GOAL OF THE EXERCISE: What is needed is an exact copy of the line where "msp = doc.modelspace()" appears plus every later line in the material.

*** Opening of MATERIAL PROVIDED ***

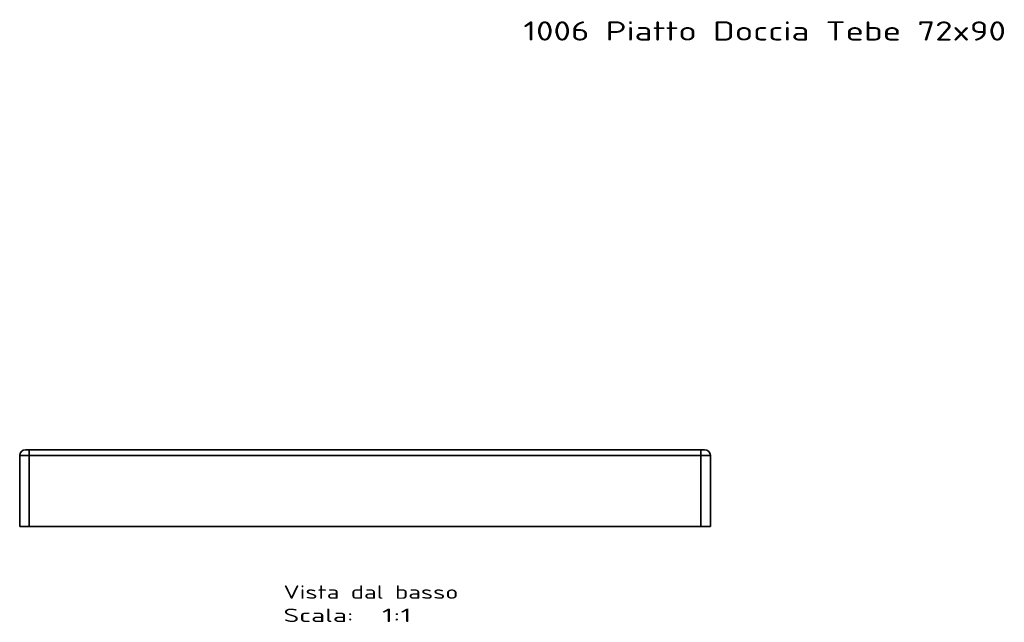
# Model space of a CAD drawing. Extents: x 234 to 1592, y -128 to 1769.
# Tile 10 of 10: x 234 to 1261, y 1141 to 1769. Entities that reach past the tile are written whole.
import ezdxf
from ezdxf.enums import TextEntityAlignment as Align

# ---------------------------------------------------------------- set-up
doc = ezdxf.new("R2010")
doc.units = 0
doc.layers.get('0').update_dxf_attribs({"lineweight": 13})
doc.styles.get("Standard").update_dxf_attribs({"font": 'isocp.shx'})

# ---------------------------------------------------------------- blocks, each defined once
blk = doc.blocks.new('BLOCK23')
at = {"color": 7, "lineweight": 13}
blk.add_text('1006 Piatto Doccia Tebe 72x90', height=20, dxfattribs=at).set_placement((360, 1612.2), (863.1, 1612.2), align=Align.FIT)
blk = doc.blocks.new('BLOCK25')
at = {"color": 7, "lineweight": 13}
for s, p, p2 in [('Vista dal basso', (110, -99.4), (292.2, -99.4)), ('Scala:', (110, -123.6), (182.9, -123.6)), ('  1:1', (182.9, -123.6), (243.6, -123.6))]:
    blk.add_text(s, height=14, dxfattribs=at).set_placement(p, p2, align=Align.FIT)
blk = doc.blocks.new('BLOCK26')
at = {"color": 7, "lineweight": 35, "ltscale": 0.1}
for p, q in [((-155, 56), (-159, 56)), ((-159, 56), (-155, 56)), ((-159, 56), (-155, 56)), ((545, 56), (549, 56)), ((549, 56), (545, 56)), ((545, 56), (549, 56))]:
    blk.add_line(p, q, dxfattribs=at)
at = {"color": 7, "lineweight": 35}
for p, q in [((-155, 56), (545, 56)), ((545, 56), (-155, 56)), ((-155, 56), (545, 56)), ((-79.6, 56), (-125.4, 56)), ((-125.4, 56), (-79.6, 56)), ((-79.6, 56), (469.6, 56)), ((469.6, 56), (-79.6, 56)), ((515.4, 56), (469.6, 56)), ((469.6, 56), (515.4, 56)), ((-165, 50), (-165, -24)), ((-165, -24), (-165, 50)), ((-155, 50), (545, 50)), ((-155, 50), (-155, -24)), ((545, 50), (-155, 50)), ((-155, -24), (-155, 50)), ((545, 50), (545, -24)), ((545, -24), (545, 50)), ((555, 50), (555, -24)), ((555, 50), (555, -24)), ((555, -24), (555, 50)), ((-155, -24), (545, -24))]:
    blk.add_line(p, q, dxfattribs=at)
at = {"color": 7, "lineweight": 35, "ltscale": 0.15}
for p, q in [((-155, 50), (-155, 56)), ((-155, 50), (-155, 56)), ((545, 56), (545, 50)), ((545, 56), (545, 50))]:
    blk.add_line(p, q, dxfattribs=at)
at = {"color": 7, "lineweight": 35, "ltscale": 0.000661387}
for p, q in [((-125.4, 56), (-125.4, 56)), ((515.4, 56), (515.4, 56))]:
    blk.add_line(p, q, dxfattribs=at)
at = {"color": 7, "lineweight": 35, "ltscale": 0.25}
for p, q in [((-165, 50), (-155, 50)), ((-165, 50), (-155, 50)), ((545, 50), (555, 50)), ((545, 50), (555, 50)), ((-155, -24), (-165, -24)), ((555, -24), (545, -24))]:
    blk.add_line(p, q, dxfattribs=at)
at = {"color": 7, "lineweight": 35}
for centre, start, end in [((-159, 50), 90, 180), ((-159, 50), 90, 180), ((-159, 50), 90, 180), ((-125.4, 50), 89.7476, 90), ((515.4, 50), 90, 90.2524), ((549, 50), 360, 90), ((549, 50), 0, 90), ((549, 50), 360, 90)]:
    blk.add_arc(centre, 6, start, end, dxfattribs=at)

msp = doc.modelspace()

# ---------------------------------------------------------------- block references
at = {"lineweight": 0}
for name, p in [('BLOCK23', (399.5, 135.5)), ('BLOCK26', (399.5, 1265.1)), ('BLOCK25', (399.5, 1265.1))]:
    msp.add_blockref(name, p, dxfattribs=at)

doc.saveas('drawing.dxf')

*** Close of MATERIAL PROVIDED ***

RESULT BELOW:
msp = doc.modelspace()

# ---------------------------------------------------------------- block references
at = {"lineweight": 0}
for name, p in [('BLOCK23', (399.5, 135.5)), ('BLOCK26', (399.5, 1265.1)), ('BLOCK25', (399.5, 1265.1))]:
    msp.add_blockref(name, p, dxfattribs=at)

doc.saveas('drawing.dxf')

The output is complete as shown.